Israel’s open-ended wars have eroded its security April 23rd 2026

IN THE RUN-UP to Israel’s independence day, the motorway between Jerusalem and Tel Aviv is always festooned with flags. But this year, between the blue-and-white Israeli pennants, hangs another kind of star-spangled banner: America’s. Israel’s government had hoped that Donald Trump would arrive on April 22nd to celebrate the 78th anniversary of its independence. He was to be the first non-Israeli to receive the Israel prize, a state honour.

Mr Trump, however, was a no-show. Instead of a presidential visit, on April 16th Israel received orders from America’s president tostop bombing Lebanon(the ceasefire also included Hizbullah, an Iran-backed militia which began firing on Israel on March 2nd, prompting the latest fighting). Mr Trump is now the only person who can end the wars Israel seems incapable of ending itself. Since the attacks of October 7th 2023, it has fought devastating and prolonged campaigns in Gaza, Lebanon and Iran. It has abandoned a long-standing national-security doctrine favouring short decisive wars. Instead, Israel has blundered, wreaking havoc and inflicting appalling suffering while sapping its own resources and damaging crucial alliances.

This is the fifth ceasefire Mr Trump has imposed on Israel in the past 15 months: two were in Gaza in 2025 and two over Iran. Israel and America launched the current war against Iran together. But it was Mr Trump who paused it, against the wishes of Binyamin Netanyahu, the Israeli prime minister. Israel is not a party to the on-off talks between America and Iran on a more comprehensive deal; it will have to abide by whatever is agreed in Islamabad.

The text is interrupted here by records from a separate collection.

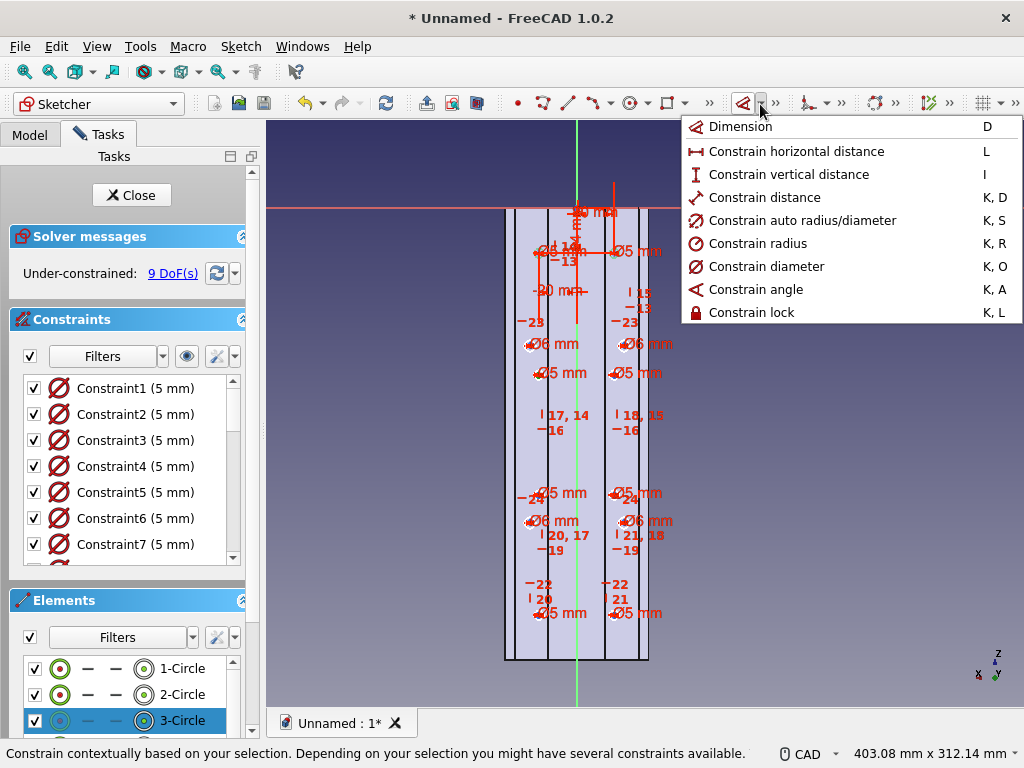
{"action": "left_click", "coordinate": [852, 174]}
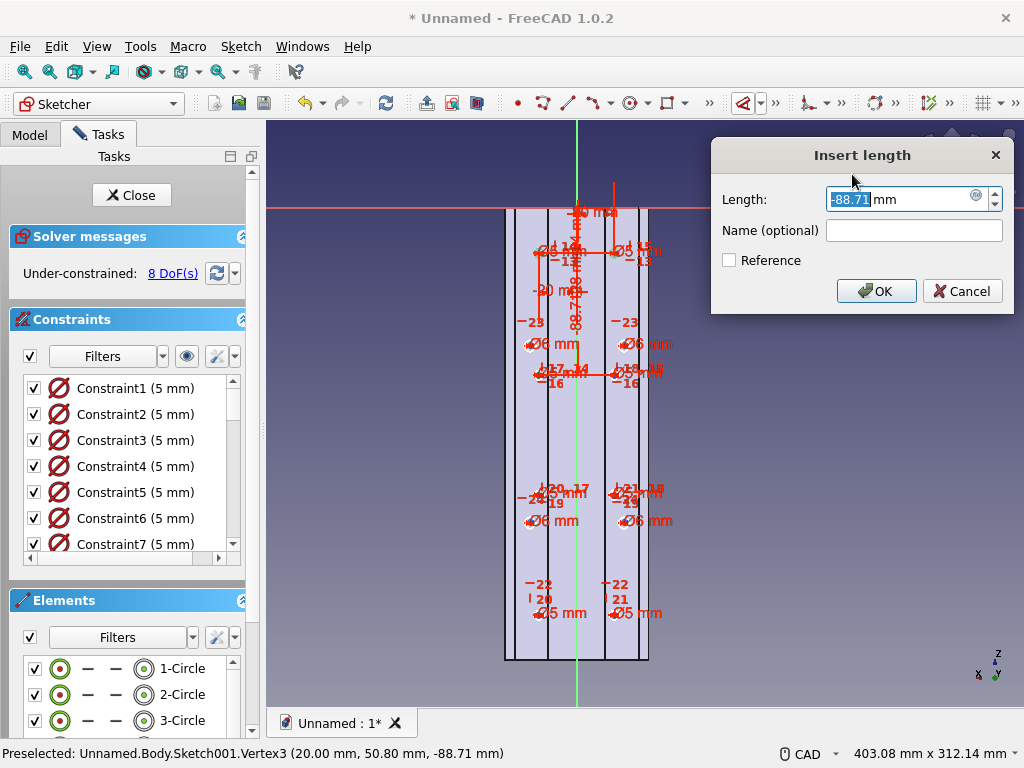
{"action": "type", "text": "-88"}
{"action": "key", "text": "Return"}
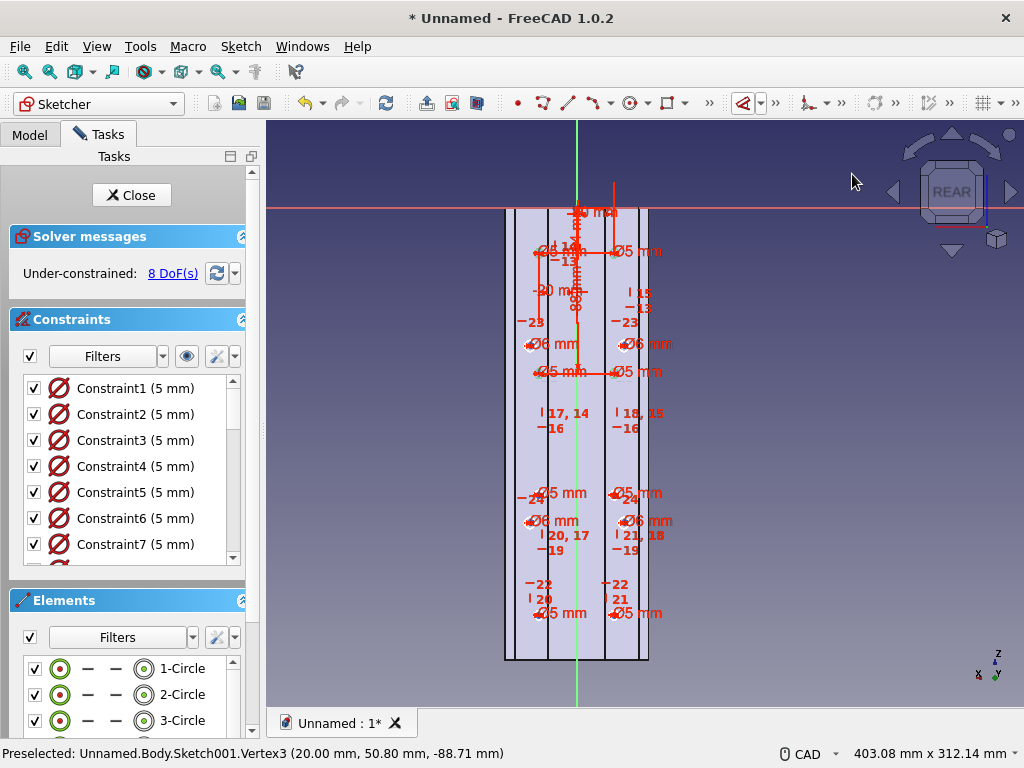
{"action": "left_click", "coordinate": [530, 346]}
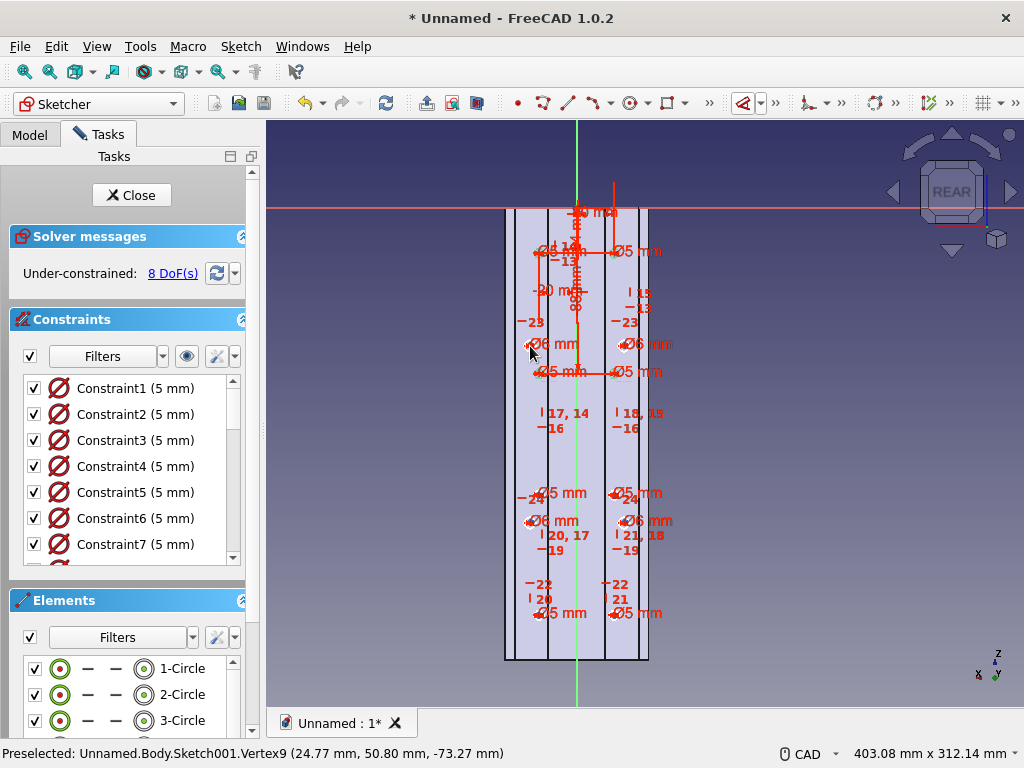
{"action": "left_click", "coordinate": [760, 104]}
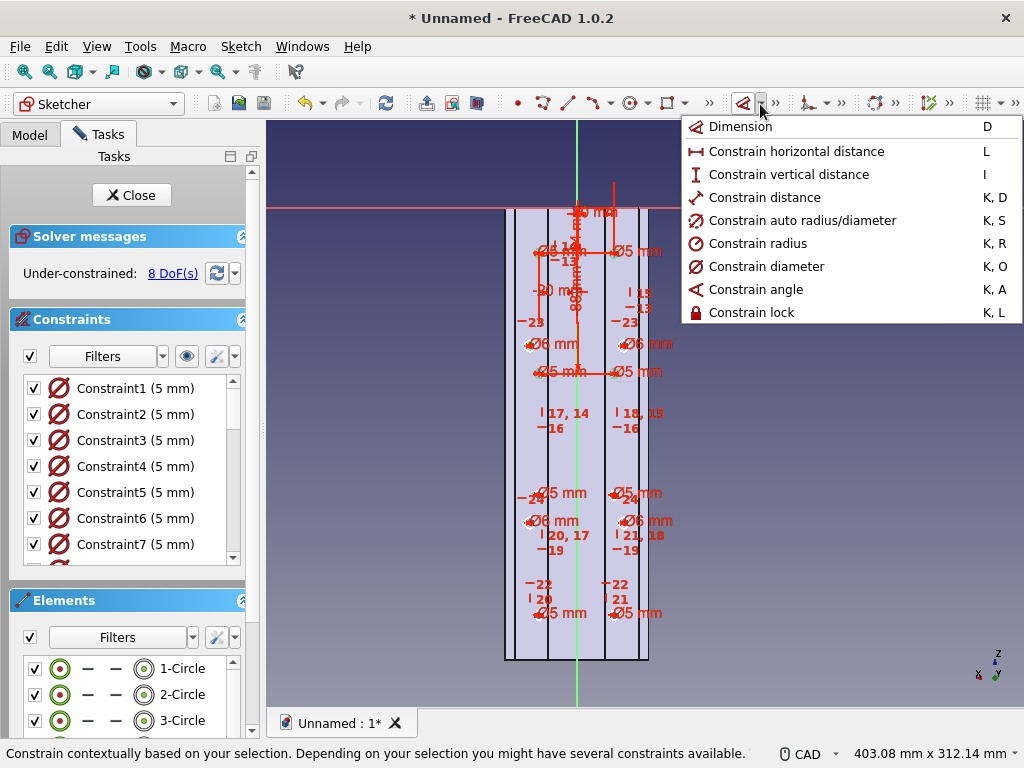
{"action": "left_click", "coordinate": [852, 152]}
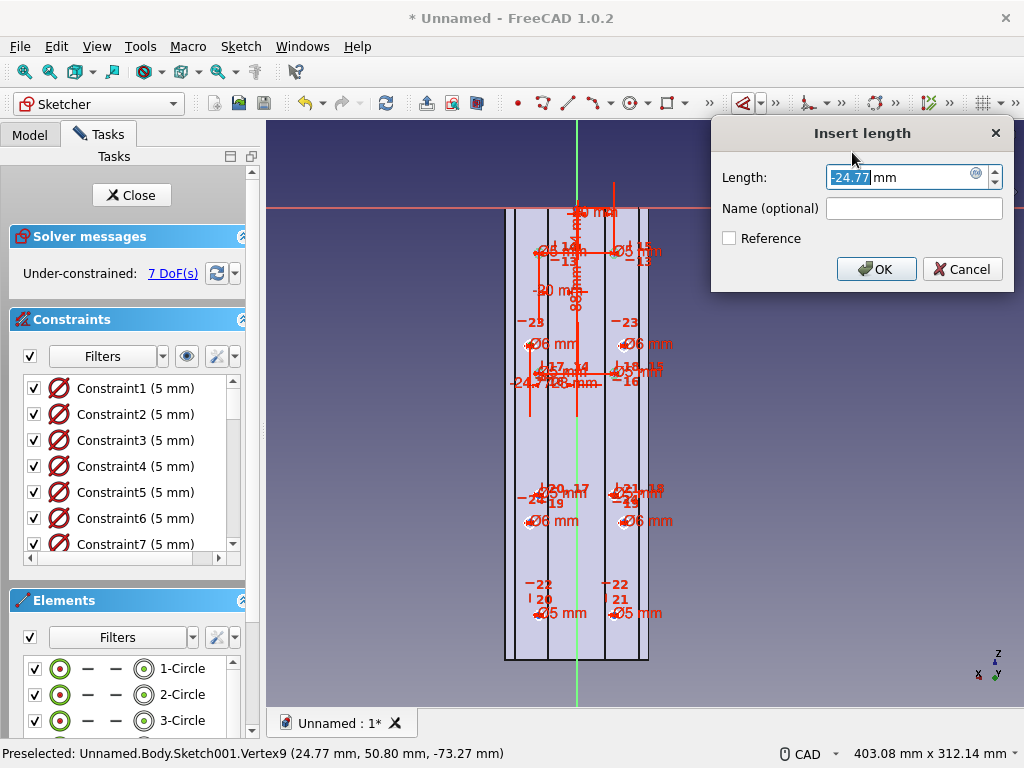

Nevertheless, Mr Trump has tired of the open-endedness of Israel’s wars and the disruption they have caused. Arguably, the American president recognises what Israel—both its government and many of its citizens—refuses to accept: that Israel’s current wars are failures. “They dragged on without a clear diplomatic purpose or outcome,” says Jeremy Issacharoff, a former Israeli ambassador who has also been in charge of strategic affairs at the foreign ministry. “The ceasefires are a positive development, but having them dictated to us by America harms Israel’s deterrence and makes it a client state.”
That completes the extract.